### PROBLEM:
Find the line containing "table_cell 37.774 [726, 1534, 859, 1617]" in the records below. Copy exactly that line and each one after it, ending at the line containing "table_cell 4 [461, 998, 593, 1039]", and nothing more.

### Records from a data collection:
---------------
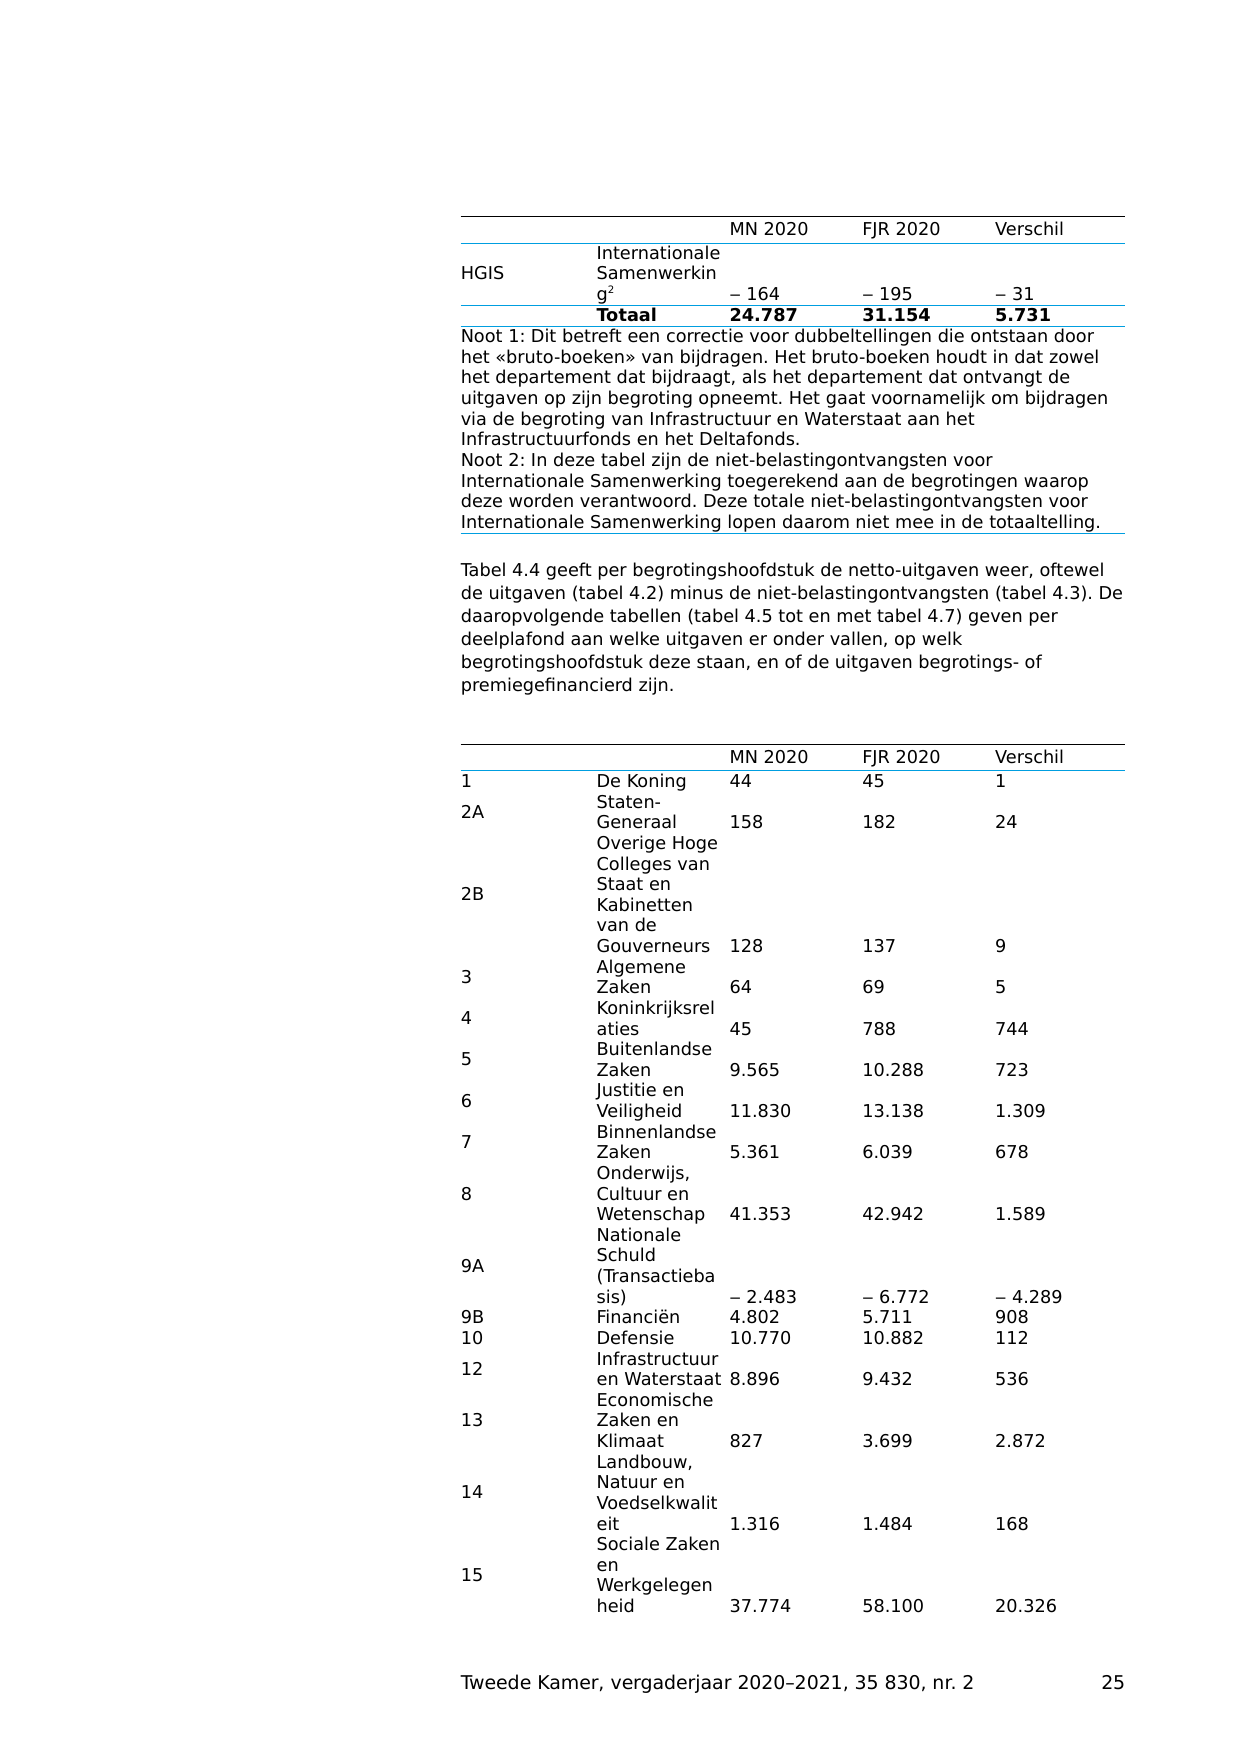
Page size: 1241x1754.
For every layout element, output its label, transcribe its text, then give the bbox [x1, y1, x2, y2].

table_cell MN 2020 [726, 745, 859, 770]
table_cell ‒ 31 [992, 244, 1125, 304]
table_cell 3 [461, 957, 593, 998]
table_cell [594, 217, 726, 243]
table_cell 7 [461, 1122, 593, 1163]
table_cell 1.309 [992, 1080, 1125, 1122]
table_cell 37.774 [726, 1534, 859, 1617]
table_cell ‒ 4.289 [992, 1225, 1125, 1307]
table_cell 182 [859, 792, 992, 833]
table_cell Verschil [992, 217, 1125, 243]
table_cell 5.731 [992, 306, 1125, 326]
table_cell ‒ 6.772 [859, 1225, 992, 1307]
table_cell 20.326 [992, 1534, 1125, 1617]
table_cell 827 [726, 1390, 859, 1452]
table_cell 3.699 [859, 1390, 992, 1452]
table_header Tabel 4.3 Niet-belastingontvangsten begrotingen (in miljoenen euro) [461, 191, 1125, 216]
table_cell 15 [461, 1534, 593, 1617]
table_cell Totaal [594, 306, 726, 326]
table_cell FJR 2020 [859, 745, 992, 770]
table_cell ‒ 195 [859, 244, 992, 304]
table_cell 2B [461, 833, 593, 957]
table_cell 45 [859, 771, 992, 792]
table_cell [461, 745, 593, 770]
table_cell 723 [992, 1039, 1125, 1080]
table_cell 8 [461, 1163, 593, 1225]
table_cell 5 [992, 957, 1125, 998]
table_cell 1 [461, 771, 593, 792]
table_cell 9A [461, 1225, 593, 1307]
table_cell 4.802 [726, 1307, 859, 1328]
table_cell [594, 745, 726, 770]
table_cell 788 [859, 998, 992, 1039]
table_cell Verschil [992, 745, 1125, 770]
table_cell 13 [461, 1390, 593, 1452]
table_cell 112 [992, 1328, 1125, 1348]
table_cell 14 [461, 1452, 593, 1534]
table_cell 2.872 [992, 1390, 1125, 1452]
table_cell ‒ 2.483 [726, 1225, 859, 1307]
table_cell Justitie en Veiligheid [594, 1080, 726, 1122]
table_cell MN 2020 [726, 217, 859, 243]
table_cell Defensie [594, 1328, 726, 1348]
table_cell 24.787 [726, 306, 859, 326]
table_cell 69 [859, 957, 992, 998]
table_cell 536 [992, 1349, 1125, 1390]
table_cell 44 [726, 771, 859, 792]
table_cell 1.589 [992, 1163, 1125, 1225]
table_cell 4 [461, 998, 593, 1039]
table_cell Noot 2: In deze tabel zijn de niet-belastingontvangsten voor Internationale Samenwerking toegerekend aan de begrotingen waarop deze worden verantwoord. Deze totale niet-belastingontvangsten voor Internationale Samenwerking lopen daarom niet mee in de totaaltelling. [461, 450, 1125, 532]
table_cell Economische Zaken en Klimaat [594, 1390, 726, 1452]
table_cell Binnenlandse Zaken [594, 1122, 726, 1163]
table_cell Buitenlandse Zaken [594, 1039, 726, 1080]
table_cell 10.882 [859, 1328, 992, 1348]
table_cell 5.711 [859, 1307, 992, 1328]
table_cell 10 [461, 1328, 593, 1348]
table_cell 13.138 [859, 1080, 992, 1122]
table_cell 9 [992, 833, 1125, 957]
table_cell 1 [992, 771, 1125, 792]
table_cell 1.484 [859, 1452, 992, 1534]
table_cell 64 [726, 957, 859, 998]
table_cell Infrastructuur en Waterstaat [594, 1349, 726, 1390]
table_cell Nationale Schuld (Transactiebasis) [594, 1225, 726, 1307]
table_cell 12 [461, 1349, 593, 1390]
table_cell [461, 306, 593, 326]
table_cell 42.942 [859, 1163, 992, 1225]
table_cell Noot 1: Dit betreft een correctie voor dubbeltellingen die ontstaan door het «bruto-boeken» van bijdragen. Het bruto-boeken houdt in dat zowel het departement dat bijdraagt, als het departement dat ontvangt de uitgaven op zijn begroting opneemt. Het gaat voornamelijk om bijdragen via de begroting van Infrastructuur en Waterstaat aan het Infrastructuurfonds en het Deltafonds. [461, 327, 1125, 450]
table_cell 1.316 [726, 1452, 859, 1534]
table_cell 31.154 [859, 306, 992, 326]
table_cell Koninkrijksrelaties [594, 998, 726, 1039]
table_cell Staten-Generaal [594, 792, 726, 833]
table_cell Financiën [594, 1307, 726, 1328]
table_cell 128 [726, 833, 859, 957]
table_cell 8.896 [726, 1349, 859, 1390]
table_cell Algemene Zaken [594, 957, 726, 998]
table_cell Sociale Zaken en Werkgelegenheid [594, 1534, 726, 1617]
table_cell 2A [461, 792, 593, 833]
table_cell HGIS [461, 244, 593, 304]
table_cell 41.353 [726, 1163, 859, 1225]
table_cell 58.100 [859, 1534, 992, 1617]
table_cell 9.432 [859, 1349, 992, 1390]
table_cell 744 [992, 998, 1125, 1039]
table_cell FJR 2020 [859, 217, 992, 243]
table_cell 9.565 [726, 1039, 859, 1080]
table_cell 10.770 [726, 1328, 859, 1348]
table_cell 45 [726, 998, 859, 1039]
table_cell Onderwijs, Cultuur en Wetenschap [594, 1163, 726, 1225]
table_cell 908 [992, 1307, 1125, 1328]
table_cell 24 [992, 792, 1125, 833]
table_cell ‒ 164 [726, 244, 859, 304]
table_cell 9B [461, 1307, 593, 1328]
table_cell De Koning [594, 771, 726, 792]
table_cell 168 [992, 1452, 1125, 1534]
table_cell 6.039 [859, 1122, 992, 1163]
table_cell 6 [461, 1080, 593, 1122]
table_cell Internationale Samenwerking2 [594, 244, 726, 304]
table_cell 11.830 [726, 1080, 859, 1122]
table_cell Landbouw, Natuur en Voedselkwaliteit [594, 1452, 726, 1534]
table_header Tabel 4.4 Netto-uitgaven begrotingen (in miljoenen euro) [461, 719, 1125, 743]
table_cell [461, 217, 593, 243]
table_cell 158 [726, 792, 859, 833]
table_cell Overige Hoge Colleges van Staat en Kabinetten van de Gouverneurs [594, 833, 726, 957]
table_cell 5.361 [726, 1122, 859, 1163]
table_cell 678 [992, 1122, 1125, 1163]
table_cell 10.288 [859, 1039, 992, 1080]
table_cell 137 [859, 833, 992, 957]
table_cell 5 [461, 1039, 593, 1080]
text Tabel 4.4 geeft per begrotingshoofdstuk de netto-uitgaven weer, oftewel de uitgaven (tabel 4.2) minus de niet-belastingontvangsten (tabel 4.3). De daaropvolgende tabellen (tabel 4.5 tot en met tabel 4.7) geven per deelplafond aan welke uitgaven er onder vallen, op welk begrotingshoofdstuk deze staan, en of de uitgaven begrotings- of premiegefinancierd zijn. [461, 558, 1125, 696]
---------------
### PROBLEM SOLUTION:
table_cell 37.774 [726, 1534, 859, 1617]
table_cell ‒ 4.289 [992, 1225, 1125, 1307]
table_cell 182 [859, 792, 992, 833]
table_cell Verschil [992, 217, 1125, 243]
table_cell 5.731 [992, 306, 1125, 326]
table_cell ‒ 6.772 [859, 1225, 992, 1307]
table_cell 20.326 [992, 1534, 1125, 1617]
table_cell 827 [726, 1390, 859, 1452]
table_cell 3.699 [859, 1390, 992, 1452]
table_header Tabel 4.3 Niet-belastingontvangsten begrotingen (in miljoenen euro) [461, 191, 1125, 216]
table_cell 15 [461, 1534, 593, 1617]
table_cell Totaal [594, 306, 726, 326]
table_cell FJR 2020 [859, 745, 992, 770]
table_cell ‒ 195 [859, 244, 992, 304]
table_cell 2B [461, 833, 593, 957]
table_cell 45 [859, 771, 992, 792]
table_cell [461, 745, 593, 770]
table_cell 723 [992, 1039, 1125, 1080]
table_cell 8 [461, 1163, 593, 1225]
table_cell 5 [992, 957, 1125, 998]
table_cell 1 [461, 771, 593, 792]
table_cell 9A [461, 1225, 593, 1307]
table_cell 4.802 [726, 1307, 859, 1328]
table_cell [594, 745, 726, 770]
table_cell 788 [859, 998, 992, 1039]
table_cell Verschil [992, 745, 1125, 770]
table_cell 13 [461, 1390, 593, 1452]
table_cell 112 [992, 1328, 1125, 1348]
table_cell 14 [461, 1452, 593, 1534]
table_cell 2.872 [992, 1390, 1125, 1452]
table_cell ‒ 2.483 [726, 1225, 859, 1307]
table_cell Justitie en Veiligheid [594, 1080, 726, 1122]
table_cell MN 2020 [726, 217, 859, 243]
table_cell Defensie [594, 1328, 726, 1348]
table_cell 24.787 [726, 306, 859, 326]
table_cell 69 [859, 957, 992, 998]
table_cell 536 [992, 1349, 1125, 1390]
table_cell 44 [726, 771, 859, 792]
table_cell 1.589 [992, 1163, 1125, 1225]
table_cell 4 [461, 998, 593, 1039]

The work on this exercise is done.